───── GIVEN INFORMATION

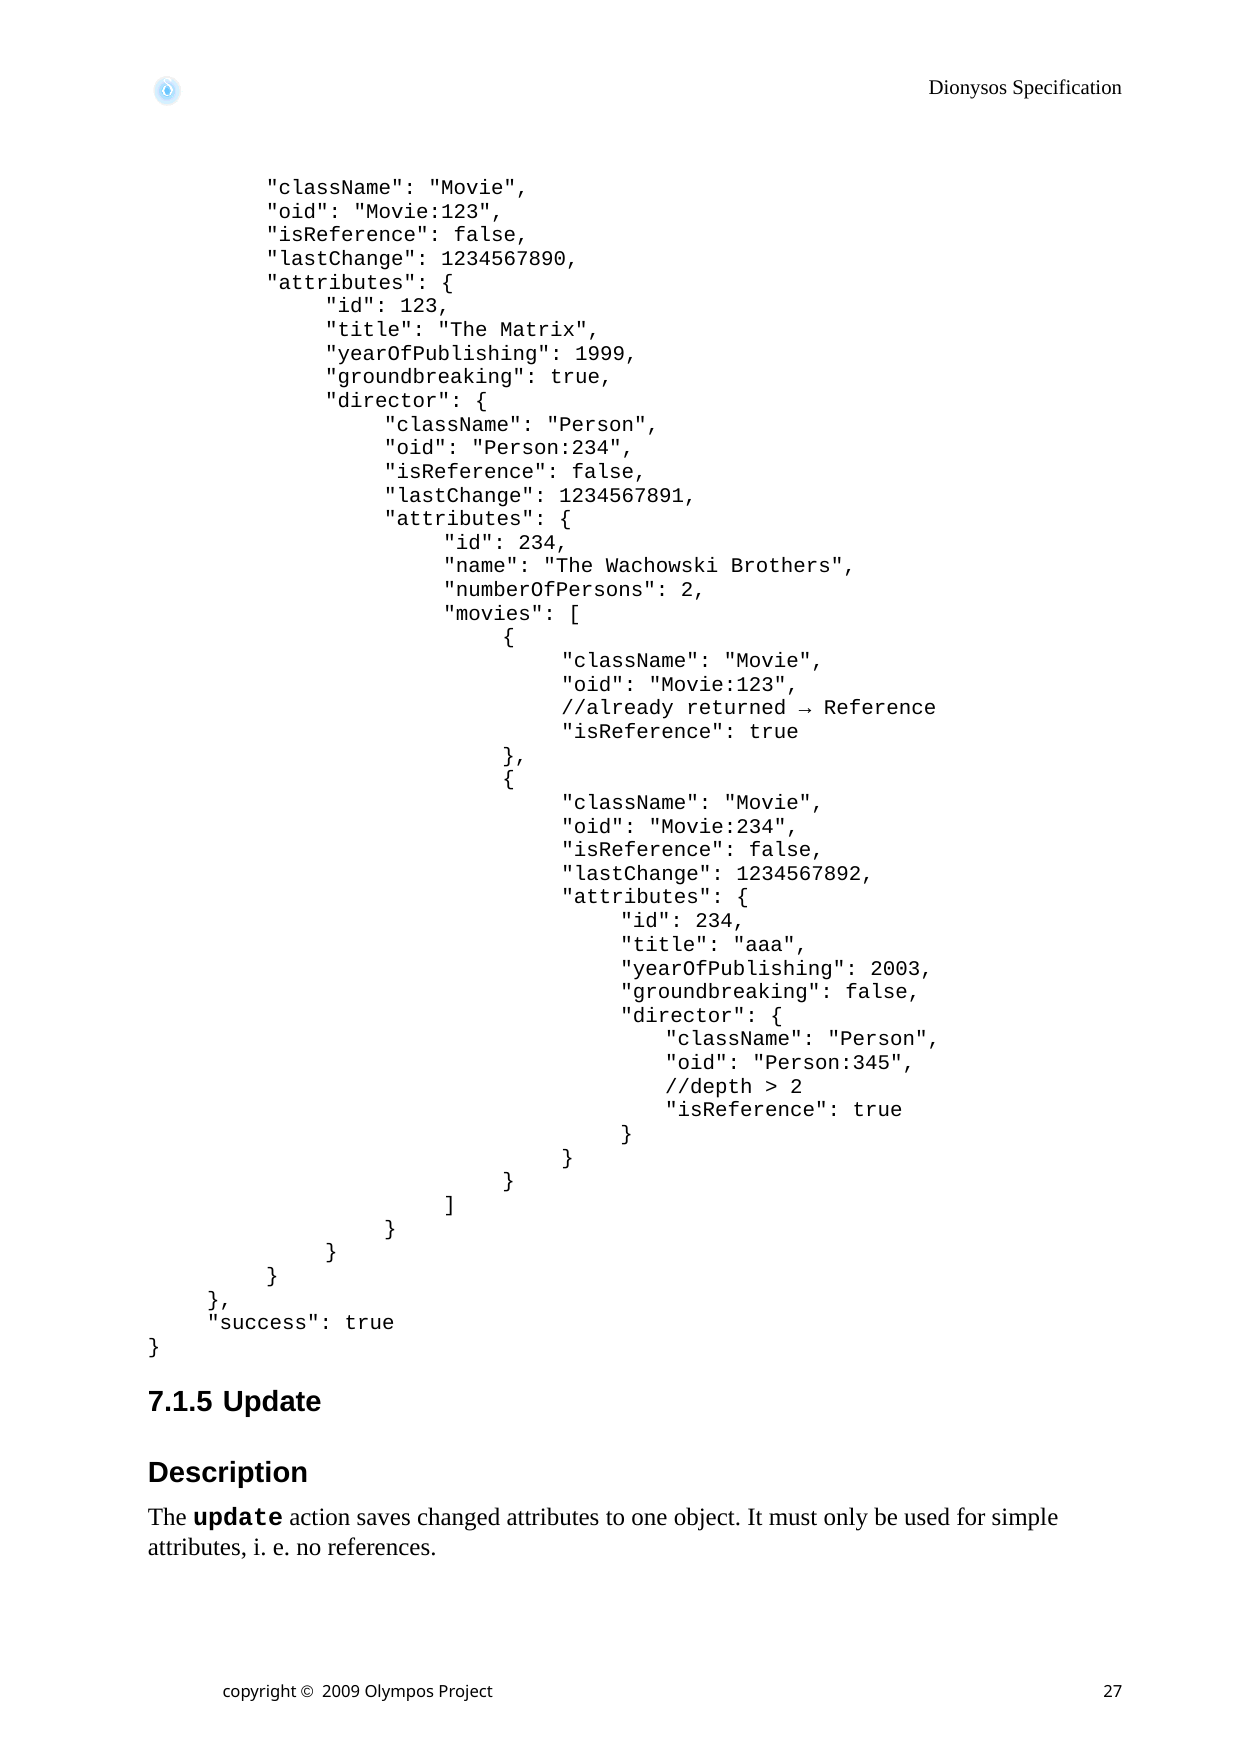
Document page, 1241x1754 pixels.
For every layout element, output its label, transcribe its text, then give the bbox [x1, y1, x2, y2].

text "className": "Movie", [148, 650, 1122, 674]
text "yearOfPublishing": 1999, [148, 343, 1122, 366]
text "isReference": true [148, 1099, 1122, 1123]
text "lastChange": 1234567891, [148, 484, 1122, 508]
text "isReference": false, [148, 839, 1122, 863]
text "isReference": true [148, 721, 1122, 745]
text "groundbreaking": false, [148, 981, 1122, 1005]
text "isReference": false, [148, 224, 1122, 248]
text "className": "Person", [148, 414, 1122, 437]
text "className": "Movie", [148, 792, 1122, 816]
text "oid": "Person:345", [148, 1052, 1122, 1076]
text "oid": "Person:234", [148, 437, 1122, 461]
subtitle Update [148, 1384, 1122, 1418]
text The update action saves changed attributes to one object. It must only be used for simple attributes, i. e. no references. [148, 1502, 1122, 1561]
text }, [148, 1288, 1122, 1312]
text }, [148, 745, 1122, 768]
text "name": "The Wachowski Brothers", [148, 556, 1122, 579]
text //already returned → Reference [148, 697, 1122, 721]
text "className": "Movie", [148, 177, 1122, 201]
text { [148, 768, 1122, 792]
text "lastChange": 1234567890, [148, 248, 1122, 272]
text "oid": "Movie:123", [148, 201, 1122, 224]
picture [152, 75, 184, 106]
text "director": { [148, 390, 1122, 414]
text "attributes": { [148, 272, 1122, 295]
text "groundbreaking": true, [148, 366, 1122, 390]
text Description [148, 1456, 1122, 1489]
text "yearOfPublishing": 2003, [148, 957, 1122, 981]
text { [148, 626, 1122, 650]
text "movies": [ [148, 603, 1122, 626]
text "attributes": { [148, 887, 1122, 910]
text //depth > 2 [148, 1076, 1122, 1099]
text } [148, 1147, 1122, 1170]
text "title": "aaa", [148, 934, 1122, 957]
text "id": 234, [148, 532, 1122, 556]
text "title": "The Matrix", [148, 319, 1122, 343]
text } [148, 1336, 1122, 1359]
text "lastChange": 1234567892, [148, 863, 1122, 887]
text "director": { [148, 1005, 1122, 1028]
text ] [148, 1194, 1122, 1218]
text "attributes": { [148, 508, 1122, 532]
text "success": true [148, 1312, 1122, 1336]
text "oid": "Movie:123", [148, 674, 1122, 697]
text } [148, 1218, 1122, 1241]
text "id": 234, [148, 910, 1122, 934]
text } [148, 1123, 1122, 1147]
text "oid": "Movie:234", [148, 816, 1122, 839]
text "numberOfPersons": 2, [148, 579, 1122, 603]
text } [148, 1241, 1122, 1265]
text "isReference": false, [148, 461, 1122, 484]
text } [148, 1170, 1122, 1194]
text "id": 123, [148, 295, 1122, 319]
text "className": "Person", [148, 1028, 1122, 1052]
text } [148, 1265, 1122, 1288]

──────────

- _YOUR ASSIGNMENT_
The lines wanted are those from the one with "1123, 1122, 1147]" through the last line of the records, repeated exactly and with both ends included.

- _ANSWER TO THIS TASK_
text } [148, 1123, 1122, 1147]
text "oid": "Movie:234", [148, 816, 1122, 839]
text "numberOfPersons": 2, [148, 579, 1122, 603]
text } [148, 1241, 1122, 1265]
text "isReference": false, [148, 461, 1122, 484]
text } [148, 1170, 1122, 1194]
text "id": 123, [148, 295, 1122, 319]
text "className": "Person", [148, 1028, 1122, 1052]
text } [148, 1265, 1122, 1288]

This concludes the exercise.